My attention to the Middle East was once again captured around 2014 and 2015 by the civil war in Yemen, which quickly became a humanitarian disaster on a massive scale. Interestingly, my attention to this conflict was fueled in large part by how little it was covered in the mainstream news media and how ignorant the population was about it (and still are). That a crisis of the magnitude occurring in Yemen could go unnoticed by so many people was breathtaking. I thought for sure that when Donald Trump took office and was only a more vocal advocate of our support for the Saudi and UAE’s continued crimes against humanity in that the conflict, that perhaps the liberal media would finally pay attention to Yemen. They did not.
In the past three years or so, my political and philosophical pessimism has gotten the better of me. I pay much less attention to politics and world affairs than I used to. My attention to Yemen, Libya, and Syria has slipped quite drastically. My attention to Afghanistan never really took off and so never truly waned. I was only vaguely aware that Trump had ordered a withdrawal and that Biden was going to honor that order.

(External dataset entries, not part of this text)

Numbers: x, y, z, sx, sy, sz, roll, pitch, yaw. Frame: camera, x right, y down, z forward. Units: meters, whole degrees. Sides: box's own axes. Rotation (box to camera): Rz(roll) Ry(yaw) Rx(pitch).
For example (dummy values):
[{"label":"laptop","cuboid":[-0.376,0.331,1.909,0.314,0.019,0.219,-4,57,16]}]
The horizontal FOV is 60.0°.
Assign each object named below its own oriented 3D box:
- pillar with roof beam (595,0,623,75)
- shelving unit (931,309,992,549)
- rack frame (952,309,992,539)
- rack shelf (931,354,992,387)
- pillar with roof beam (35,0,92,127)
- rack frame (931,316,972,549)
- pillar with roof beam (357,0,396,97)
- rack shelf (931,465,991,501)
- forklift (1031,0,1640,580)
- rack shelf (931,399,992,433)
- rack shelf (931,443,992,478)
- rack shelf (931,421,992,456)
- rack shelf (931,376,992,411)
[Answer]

My attention arose again, however, when our evacuation of Kabul, and its parallels to the Fall of Saigon in 1975, hit the news this past August. In the last couple months I’ve read a fair number of assessments and autopsies of our Afghanistan misadventure. All of them, as I said at the beginning of this post, agreed that our withdrawal was a mess (at best) or a disaster (at worst). Many think that getting out of Afghanistan was long overdue, though they believe the withdrawal was badly mishandled. Others think that we ought to have remained (and that since we didn’t, we ought to go back), and even they sill still agree that our withdrawal was ineptly carried out.

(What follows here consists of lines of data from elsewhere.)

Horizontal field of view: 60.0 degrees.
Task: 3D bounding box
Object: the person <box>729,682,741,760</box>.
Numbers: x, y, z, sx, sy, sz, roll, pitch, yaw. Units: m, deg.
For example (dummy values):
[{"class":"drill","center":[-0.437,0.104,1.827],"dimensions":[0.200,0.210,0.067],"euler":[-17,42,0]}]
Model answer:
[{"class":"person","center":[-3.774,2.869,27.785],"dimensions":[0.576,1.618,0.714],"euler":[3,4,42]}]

As I said, I don’t really have a hot take on this. I am in agreement that getting out of Afghanistan was long overdue, but also that our withdrawal was badly mishandled. I have a difficult time imagining that our withdrawal could have gone smoothly, but it certainly could have been handled better than it was. That the Taliban would retake the country was well known and predictable. Indeed, the fact that we could not defeat the Taliban once-and-for-all was the impetus to leave: there was never going to be victory for the U.S. because the Taliban, while unable to win, was not going to lose. Such is the strategic objective of guerilla warfare – when you cannot win the war, you use guerilla tactics to not lose the war and thereby outlast the invaders who have less commitment to stay the course. This was a lesson that the U.S. ought to have learned given past experiences in the Philippines, Vietnam, Cuba, Lebanon, Somalia, the U.S.S.R. misadventure into Afghanistan, and our Iraq misadventure. But we didn’t. Likely we will learn nothing from the 2001-2021 Afghanistan War, either – the Afghanistan War “is a tale, told by an idiot, full of sound and fury, signifying nothing.”
Afghanistan is just the latest in the decline in fall of the United States Empire. The twentieth century is sometimes called the American Century. I’ve talked before about the U.S. in the century following World War 1. All empires believe themselves to be the end of history, but no empire is permanent. This is true the U.S., and although our failures in Afghanistan (or really just about every military foray the U.S. has undertaken following World War 2) may not be the cause of our empire’s collapse, these failures are indicative of the reality of said collapse. Our only consolation is that the slide down from the imperial zenith is easier and filled with more decadent pleasures than the hard work of building an empire.